Only a number is wanted: how many lines of the entries include the string "find"?

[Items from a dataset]
-- Opening Marker --
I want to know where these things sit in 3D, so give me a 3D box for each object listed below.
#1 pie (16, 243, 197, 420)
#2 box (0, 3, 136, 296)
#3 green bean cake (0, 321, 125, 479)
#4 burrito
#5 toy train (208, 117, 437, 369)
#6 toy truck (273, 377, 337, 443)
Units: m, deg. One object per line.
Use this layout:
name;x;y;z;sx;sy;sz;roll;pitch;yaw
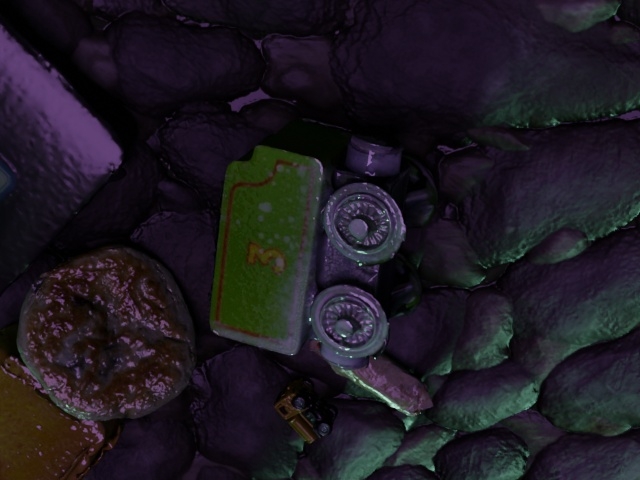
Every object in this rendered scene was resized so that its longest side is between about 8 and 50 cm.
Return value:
pie;-0.275;0.120;1.649;0.241;0.054;0.240;1;85;-10
box;-0.449;-0.130;1.612;0.350;0.091;0.359;44;115;-8
green bean cake;-0.403;0.251;1.747;0.230;0.131;0.224;37;113;-2
burrito;0.067;0.173;1.662;0.188;0.045;0.058;32;128;-6
toy train;0.000;0.000;1.540;0.249;0.173;0.307;16;116;14
toy truck;-0.023;0.228;1.703;0.054;0.049;0.083;-36;104;24
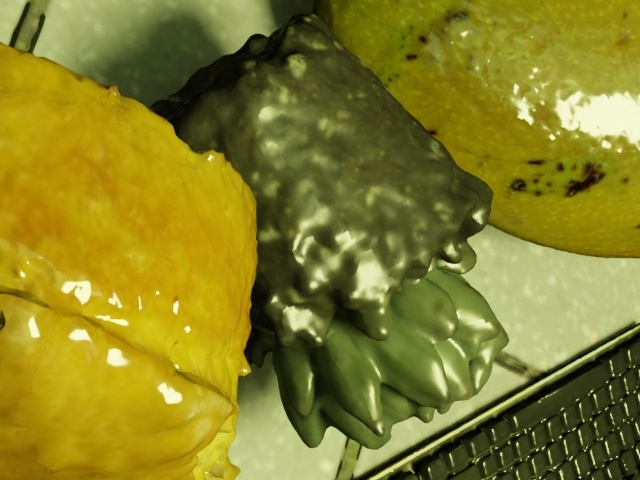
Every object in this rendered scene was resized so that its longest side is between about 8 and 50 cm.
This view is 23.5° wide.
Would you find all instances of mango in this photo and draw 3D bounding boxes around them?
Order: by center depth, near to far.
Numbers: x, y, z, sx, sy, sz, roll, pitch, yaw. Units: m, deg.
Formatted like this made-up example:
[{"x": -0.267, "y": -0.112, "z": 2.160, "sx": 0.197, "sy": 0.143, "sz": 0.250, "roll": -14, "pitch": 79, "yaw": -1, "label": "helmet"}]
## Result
[{"x": 0.150, "y": -0.084, "z": 0.831, "sx": 0.330, "sy": 0.175, "sz": 0.176, "roll": 3, "pitch": 52, "yaw": -34, "label": "mango"}]

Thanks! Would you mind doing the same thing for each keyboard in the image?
[{"x": 0.101, "y": 0.146, "z": 0.854, "sx": 0.317, "sy": 0.027, "sz": 0.106, "roll": -24, "pitch": 99, "yaw": -37, "label": "keyboard"}]

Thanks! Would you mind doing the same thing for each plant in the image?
[{"x": 0.000, "y": 0.000, "z": 0.730, "sx": 0.129, "sy": 0.132, "sz": 0.194, "roll": -38, "pitch": 103, "yaw": -30, "label": "plant"}]

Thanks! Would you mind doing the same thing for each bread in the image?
[{"x": -0.144, "y": 0.019, "z": 0.547, "sx": 0.268, "sy": 0.268, "sz": 0.145, "roll": 24, "pitch": 67, "yaw": -33, "label": "bread"}]
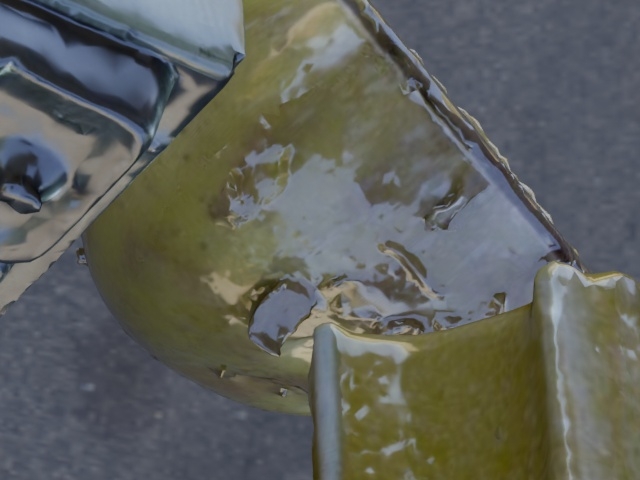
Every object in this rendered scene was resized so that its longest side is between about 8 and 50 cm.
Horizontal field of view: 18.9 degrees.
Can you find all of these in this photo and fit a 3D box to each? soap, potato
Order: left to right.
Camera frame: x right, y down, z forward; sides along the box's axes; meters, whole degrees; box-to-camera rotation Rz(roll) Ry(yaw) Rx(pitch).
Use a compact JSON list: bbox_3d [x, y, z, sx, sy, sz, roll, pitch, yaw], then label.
[{"bbox_3d":[0.000,0.000,1.486,0.319,0.385,0.442,-40,133,9],"label":"potato"},{"bbox_3d":[0.131,0.198,0.740,0.293,0.156,0.335,28,53,-48],"label":"soap"}]

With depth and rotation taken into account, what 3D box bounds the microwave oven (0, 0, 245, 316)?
[{"bbox_3d":[-0.259,-0.063,0.630,0.333,0.394,0.247,23,44,-28],"label":"microwave oven"}]
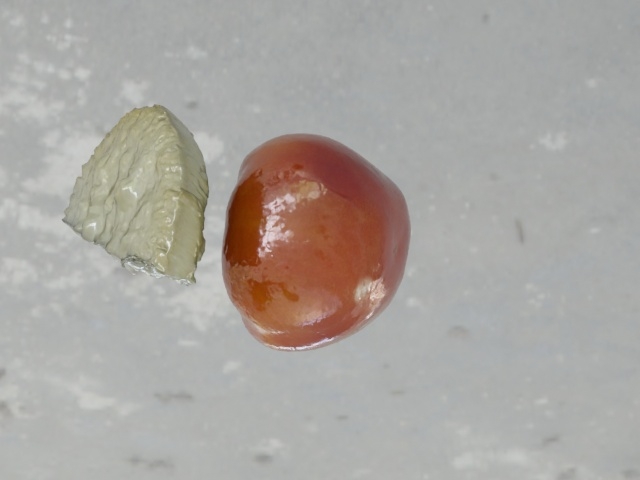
-- Closing Marker --
| Answer box |
2